Y de repente, habiendo llegado a este mundo como un ser completo, años después nos encontramos fraccionados, repartidos en anhelos, en apegos, en anticipaciones y en necesidades que no son tal.  Entonces aquello que debería sumar: las sonrisas, los abrazos, los besos, las palabras, comienza a restar, por nuestras ganas de retener.

"El beso apenas comienza. Ese beso comienza en la primera mirada que atrae a las bocas, la mirada definitiva que inaugura la carrera convergente de las bocas al encuentro. Ese beso se extiende como mermelada sobre pan, con cada centímetro ganado por la proximidad de las bocas, por cada aliento mutuo que las narices respiran. El beso se saborea desde la anticipación. Y los labios se encuentran. Cada uno de sus terminales nerviosos va recibiendo la suavidad de la piel. Registra los movimientos, siente el calor. Se van acumulando las huellas de un beso nunca antes dado. Los labios se entreabren y dejan salir el deseo en forma de aliento. Llega la segunda avanzada con la lengua a la vanguardia, nos sumimos en otro mundo nuevo, el más primitivo, la lengua nos regala la humedad de la vida. La piel se eriza, y las manos aprietan la cintura. Eran dos que inauguraron un beso, uno que no se dio nunca antes, y que ya nunca se volverá a dar."

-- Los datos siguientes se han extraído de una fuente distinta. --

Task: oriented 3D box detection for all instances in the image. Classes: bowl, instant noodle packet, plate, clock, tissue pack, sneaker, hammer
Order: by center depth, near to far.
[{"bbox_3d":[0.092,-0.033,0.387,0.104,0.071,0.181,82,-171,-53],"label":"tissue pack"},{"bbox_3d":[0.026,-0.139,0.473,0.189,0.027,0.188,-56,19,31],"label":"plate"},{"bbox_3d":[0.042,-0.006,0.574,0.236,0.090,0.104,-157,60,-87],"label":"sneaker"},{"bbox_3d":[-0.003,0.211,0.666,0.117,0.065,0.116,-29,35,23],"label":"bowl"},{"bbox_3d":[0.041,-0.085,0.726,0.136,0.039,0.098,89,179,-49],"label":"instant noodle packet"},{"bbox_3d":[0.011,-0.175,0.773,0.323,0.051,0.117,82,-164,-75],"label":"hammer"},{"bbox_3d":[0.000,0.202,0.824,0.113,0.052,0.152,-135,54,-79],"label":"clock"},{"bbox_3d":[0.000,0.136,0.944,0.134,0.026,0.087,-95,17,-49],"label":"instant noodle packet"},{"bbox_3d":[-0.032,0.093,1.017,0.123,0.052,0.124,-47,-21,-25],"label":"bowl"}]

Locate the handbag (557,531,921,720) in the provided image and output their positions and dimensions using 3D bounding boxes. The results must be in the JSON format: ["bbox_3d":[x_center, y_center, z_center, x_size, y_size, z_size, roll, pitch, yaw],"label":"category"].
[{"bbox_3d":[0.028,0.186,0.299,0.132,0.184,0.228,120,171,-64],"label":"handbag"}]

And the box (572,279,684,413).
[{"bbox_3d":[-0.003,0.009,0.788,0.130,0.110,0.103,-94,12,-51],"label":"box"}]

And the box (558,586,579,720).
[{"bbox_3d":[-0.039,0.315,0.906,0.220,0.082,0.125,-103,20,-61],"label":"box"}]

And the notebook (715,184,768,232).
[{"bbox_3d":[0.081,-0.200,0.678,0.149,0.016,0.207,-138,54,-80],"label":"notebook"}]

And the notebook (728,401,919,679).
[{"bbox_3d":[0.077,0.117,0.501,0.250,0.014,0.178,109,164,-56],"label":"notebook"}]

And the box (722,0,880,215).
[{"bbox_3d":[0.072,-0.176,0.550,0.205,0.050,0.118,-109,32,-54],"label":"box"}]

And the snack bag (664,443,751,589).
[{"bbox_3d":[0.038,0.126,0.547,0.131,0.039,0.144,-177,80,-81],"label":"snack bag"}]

Juan escribía sobre el beso que había dado. Y ahora, unas ocho horas después lo saboreaba mejor que en el momento en que lo dio. Se daba cuenta que, mientras los ojos se miraban, que mientras las caras se acercaban, mientras los labios se tocaban, y mientras las lenguas se enredaban, él sólo pensaba en el próximo paso, y no saboreaba la inmensidad del presente. Pues buscaba retener.

Había diseñado estrategias para que sus cuerpos no se alejaran. Pero se alejaron, como tenía que pasar. Ahora, ocho horas después, entendía que por intentar retener, había dejado ir el momento. Hoy, ocho horas después entendía, que de haber vivido, ese beso aún estaría en tránsito.

Y pensó en Ana María, que no existía, o si. En Ana María, que había abandonado toda pretensión de poseer, y ahora echada en su cama, hipotética cama, o no, lo tenía todo.